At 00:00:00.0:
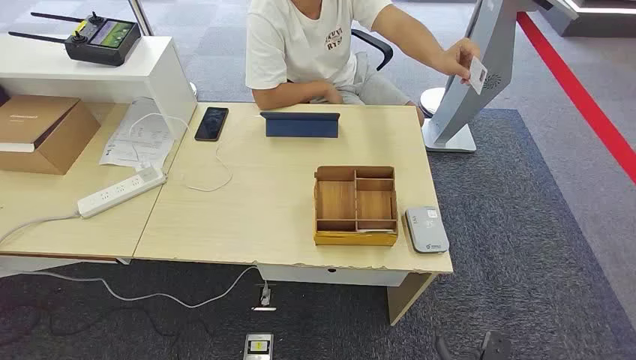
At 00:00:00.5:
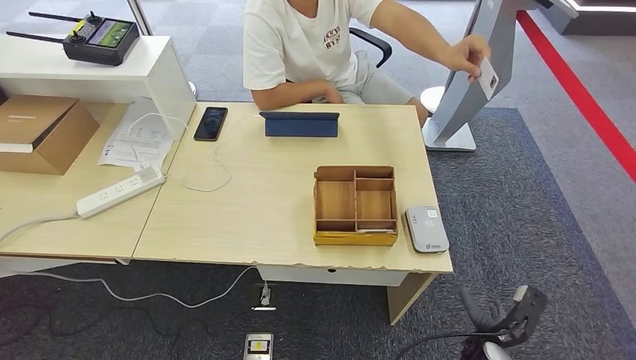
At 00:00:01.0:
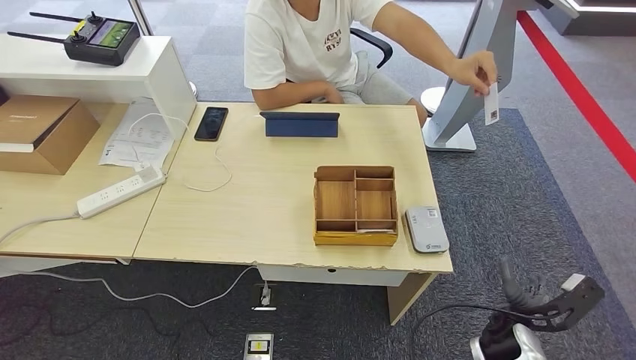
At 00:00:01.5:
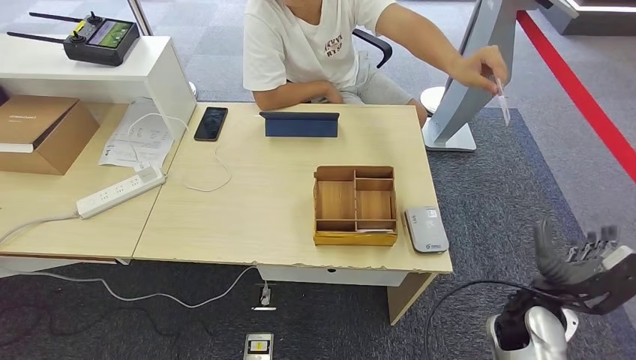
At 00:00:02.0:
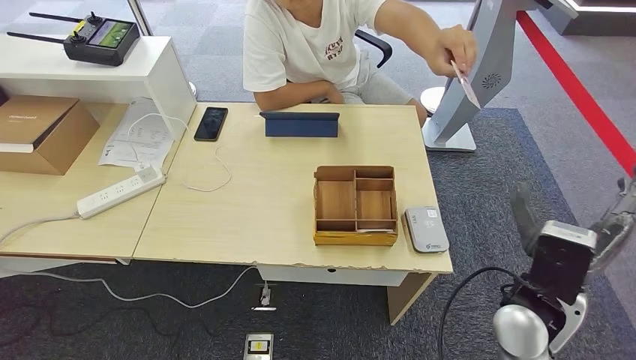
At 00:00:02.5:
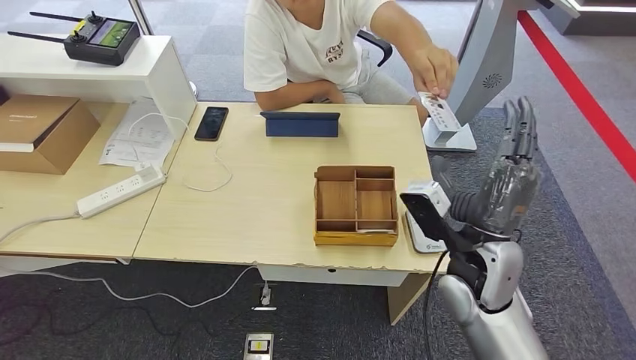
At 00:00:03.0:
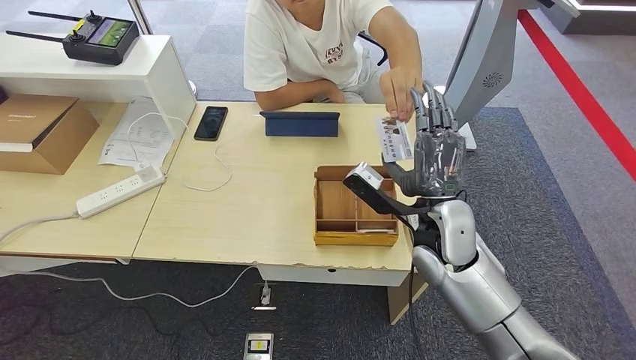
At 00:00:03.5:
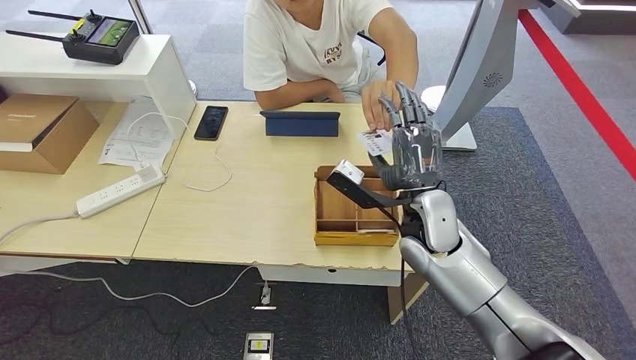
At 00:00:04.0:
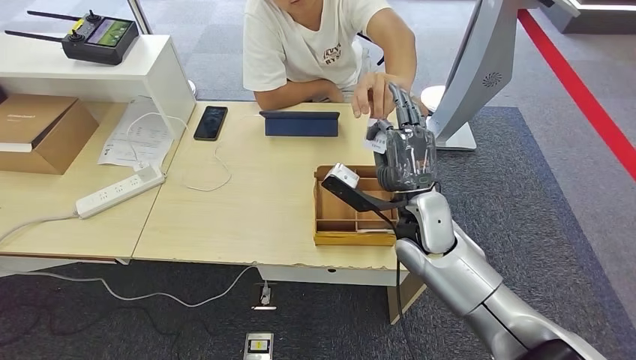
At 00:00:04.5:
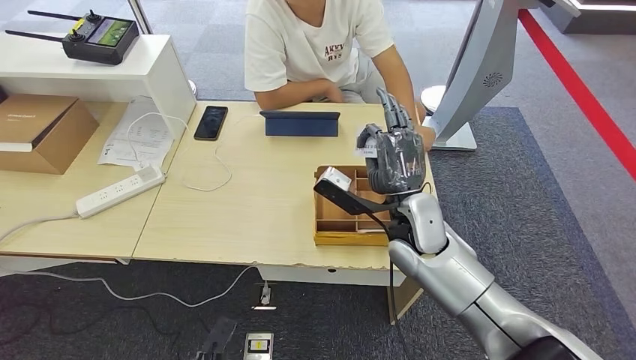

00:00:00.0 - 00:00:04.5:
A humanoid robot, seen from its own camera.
00:00:02.0 - 00:00:04.5: The left hand goes roughly 10 cm forward. The right hand is displaced forward and to the left by about 15 cm.

» Task item:
Give the data above again exactly. Leave the pictures out.

» Task solution:
At 00:00:00.0:
At 00:00:00.5:
At 00:00:01.0:
At 00:00:01.5:
At 00:00:02.0:
At 00:00:02.5:
At 00:00:03.0:
At 00:00:03.5:
At 00:00:04.0:
At 00:00:04.5:

00:00:00.0 - 00:00:04.5:
A humanoid robot, seen from its own camera.
00:00:02.0 - 00:00:04.5: The left hand goes roughly 10 cm forward. The right hand is displaced forward and to the left by about 15 cm.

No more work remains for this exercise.